Русский народ в битве цивилизаций | страница 52
Ломке подверглись и семейные, родственные связи. В наиболее радикальных социалистических программах, начиная с Платона, планировалось уничтожение семьи, брака и общественное воспитание детей. В СССР такие меры никогда не осуществлялись. Но в 1930-е годы в газетах многократно появлялись отречения от арестованных родственников: отца, сына, брата. Тем самым внушалось, что подчиненность человека государству должна быть сильнее любых родственных связей, голоса крови. Именно за это и был так прославлен Павлик Морозов. О нем не просто скорбели как об убитом ребенке. Он прославлялся как герой, потому что поплатился своей только еще начинавшейся жизнью за подвиг, утверждавший новые моральные нормы: донос на отца-«вредителя».
Коллективизация для крестьянства была более радикальным переломом, чем революция 1917 года. Она разрушила многотысячелетнюю культуру и бесконечно уменьшила возможности выбора разных путей в будущее для народа. С этой точки зрения Сталин очень точно применил к ней термин «великий перелом». Так ее воспринял, например, и Н. Клюев. Он был арестован в 1934 году и на допросе показал: «Окончательно рушит основы и красоту той русской народной жизни, певцом которой я был, проводимая коммунистической партией коллективизация. Я воспринимаю коллективизацию с мистическим ужасом, как бесовское наваждение». В его деле сохранилось стихотворение «Песня Гамаюна», в котором говорится:
К нам вести горькие пришли, Что больше нет родной земли. И Север — лебедь ледянойИстек бездомною волной, Оповещая корабли, Что больше нет родной земли!

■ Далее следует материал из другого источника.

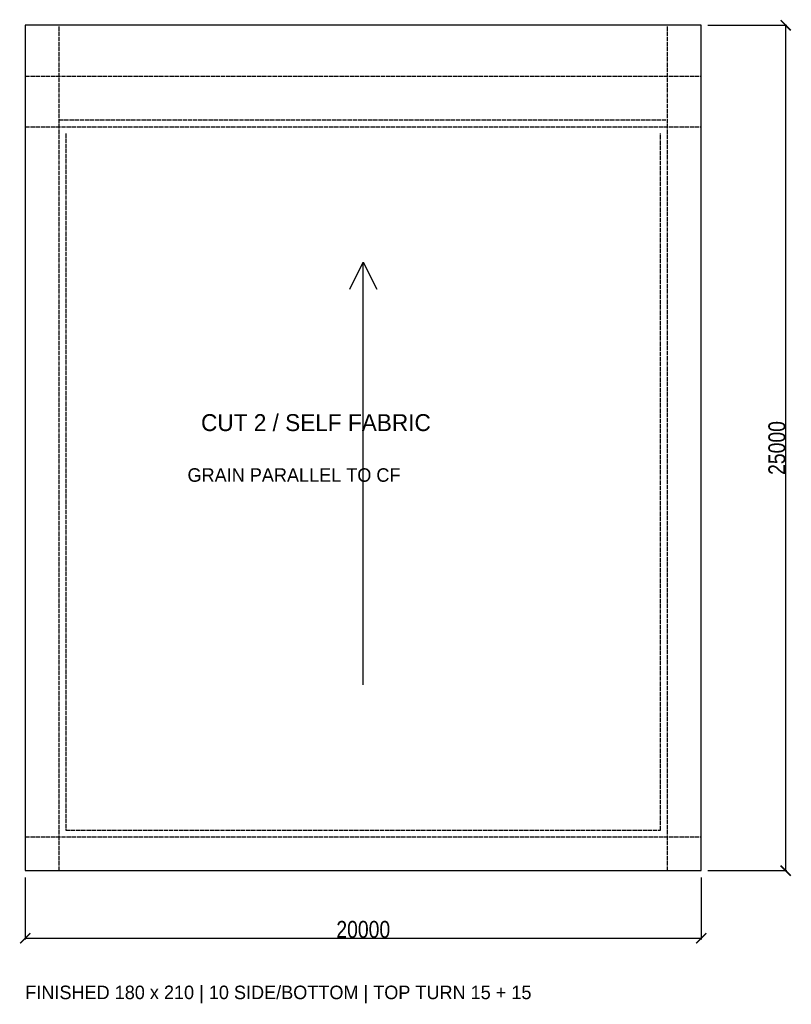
# Model space of a CAD drawing. Header units: millimetres. Extents: x -2 to 227, y -40 to 252.
import ezdxf

# ---------------------------------------------------------------- set-up
doc = ezdxf.new("R2010")
doc.units = ezdxf.units.MM
doc.linetypes.add('DASHED', pattern=[1.524, 1.27, -0.254])
for name, color, linetype in [('CUT', 1, 'CONTINUOUS'), ('DIMENSIONS', 2, 'CONTINUOUS'), ('FOLD', 4, 'DASHED'), ('GRAIN', 3, 'CONTINUOUS'), ('NOTES', 7, 'CONTINUOUS'), ('STITCH', 3, 'DASHED')]:
    doc.layers.add(name, color=color, linetype=linetype)
doc.styles.add('OpenSansCondensed-Light', font='OpenSansCondensed-Light.ttf')
doc.dimstyles.new('EZDXF', dxfattribs={"dimtxt": 0.25, "dimasz": 0.175, "dimexe": 0.375, "dimexo": 0.125, "dimgap": 0.1, "dimtad": 1, "dimlfac": 100, "dimzin": 12, "dimdsep": 46, "dimtxsty": 'OpenSansCondensed-Light', "dimblk": 'ARCHTICK', "dimcen": 2.5, "dimazin": 3, "dimtfac": 0.5, "dimtmove": 2, "dimatfit": 3})

# ---------------------------------------------------------------- blocks, each defined once
blk = doc.blocks.new('_ARCHTICK')
at = {"color": 0, "linetype": 'BYBLOCK', "const_width": 0.15}
blk.add_lwpolyline([(-0.5, -0.5), (0.5, 0.5)], dxfattribs=at)

msp = doc.modelspace()

# ---------------------------------------------------------------- linework, layer by layer
at = {"layer": 'CUT'}
msp.add_lwpolyline([(0, 0), (200, 0), (200, 250), (0, 250)], close=True, dxfattribs=at)
at = {"layer": 'FOLD'}
for p, q in [((10, 0), (10, 250)), ((190, 0), (190, 250)), ((0, 235), (200, 235)), ((0, 220), (200, 220)), ((0, 10), (200, 10))]:
    msp.add_line(p, q, dxfattribs=at)
at = {"layer": 'GRAIN'}
msp.add_line((100, 55), (100, 180), dxfattribs=at)
msp.add_lwpolyline([(96, 172), (100, 180), (104, 172)], dxfattribs=at)
at = {"layer": 'STITCH'}
msp.add_line((10, 222), (190, 222), dxfattribs=at)
msp.add_lwpolyline([(12, 218), (12, 12), (188, 12), (188, 218)], dxfattribs=at)

# ---------------------------------------------------------------- texts
at = {"layer": 'NOTES'}
for s, height, p in [('CUT 2 / SELF FABRIC', 5, (52, 130)), ('GRAIN PARALLEL TO CF', 4, (48, 115)), ('FINISHED 180 x 210 | 10 SIDE/BOTTOM | TOP TURN 15 + 15', 4, (0, -38))]:
    msp.add_text(s, height=height, dxfattribs=at).set_placement(p)

# ---------------------------------------------------------------- dimensions: what is measured, and where the dimension line sits
at = {"layer": 'DIMENSIONS'}
msp.add_linear_dim(base=(225, 0), p1=(200, 0), p2=(200, 250), angle=90, dimstyle='EZDXF', override={"dimtxt": 5, "dimasz": 3, "dimexo": 2}, dxfattribs=at).render()
msp.add_linear_dim(base=(0, -20), p1=(0, 0), p2=(200, 0), dimstyle='EZDXF', override={"dimtxt": 5, "dimasz": 3, "dimexo": 2}, dxfattribs=at).render()

doc.saveas('drawing.dxf')
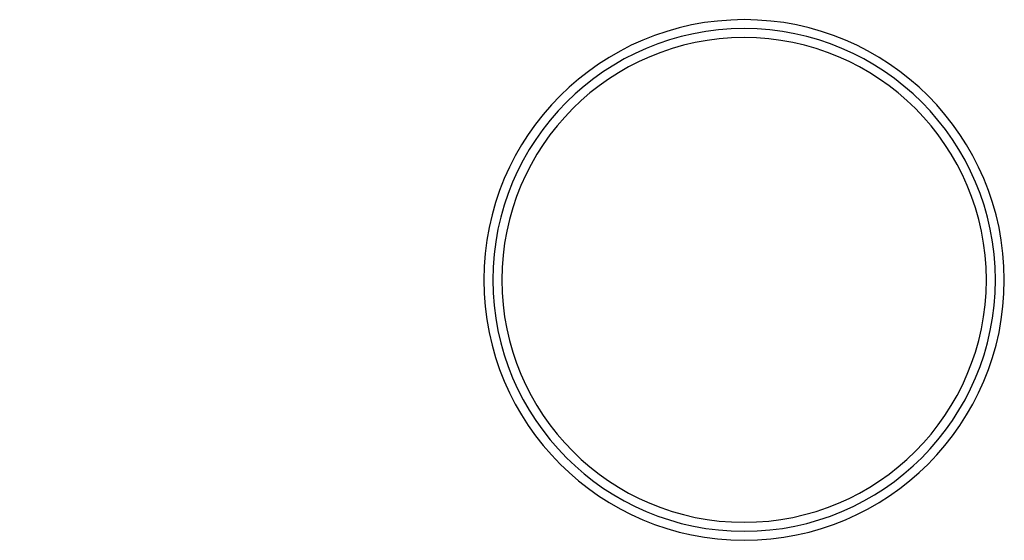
# Model space of a CAD drawing. Header units: millimetres. Extents: x -9365 to 3783, y -3382 to 3568.
import ezdxf

# ---------------------------------------------------------------- set-up
doc = ezdxf.new("R2010")
doc.units = ezdxf.units.MM
doc.header["$PDMODE"] = 1

msp = doc.modelspace()

# ---------------------------------------------------------------- linework, layer by layer
for centre, radius, start, end in [((308, 93), 3475, 90, 180), ((308, 93), 3475, 0, 90), ((308, 93, 208), 3355, 90, 180), ((308, 93, 208), 3355, 0, 90), ((308, 93), 3235, 90, 180), ((308, 93), 3235, 0, 90), ((308, 93), 3475, 180, 270), ((308, 93, 208), 3355, 180, 270), ((308, 93), 3235, 180, 270), ((308, 93), 3475, 270, 0), ((308, 93, 208), 3355, 270, 0), ((308, 93), 3235, 270, 0)]:
    msp.add_arc(centre, radius, start, end)
for p in [(-6238, 3552), (-6735, 3467), (-6488, 3518), (-7214, 3312), (-6977, 3398), (-7444, 3208), (-7666, 3089), (-7879, 2953), (-8081, 2802), (-8272, 2637), (-8451, 2459), (-8616, 2268), (-8766, 2066), (-8902, 1853), (-9022, 1631), (-9125, 1401), (-9212, 1164), (-9281, 921), (-9332, 674), (-9365, 424)]:
    msp.add_point(p)

doc.saveas('drawing.dxf')

С другой стороны, и Сталин, по-видимому, осознавал какой-то роковой, поворотный характер коллективизации. В воспоминаниях о Второй мировой войне Черчилль рассказывает, что во время визита в Москву в августе 1942 года между ним и Сталиным произошел такой разговор. Черчилль: «Скажите, напряжение, вызванное войной, было столь же тяжелым для вас, как при проведении коллективизации?» Сталин: «Политика коллективизации — это была чудовищная борьба». Черчилль: «Я думаю, вам было тяжело, так как вы имели дело не с тысячью помещиков или аристократов, а с миллионами маленьких людей». Сталин: «Десять миллионов (он показал на пальцах, подняв руки). Это было страшно. Это продолжалось четыре года <„.>. Это было очень тяжело и трудно, но абсолютно необходимо». Черчилль: «Что же произошло?» (С «кулаками».) Сталин: «Многие согласились вступить в колхозы, некоторым была предоставлена своя земля в провинции Томск или провинции Иркутск и даже севернее, но большинство оказалось очень непопулярными и были убиты своими батраками».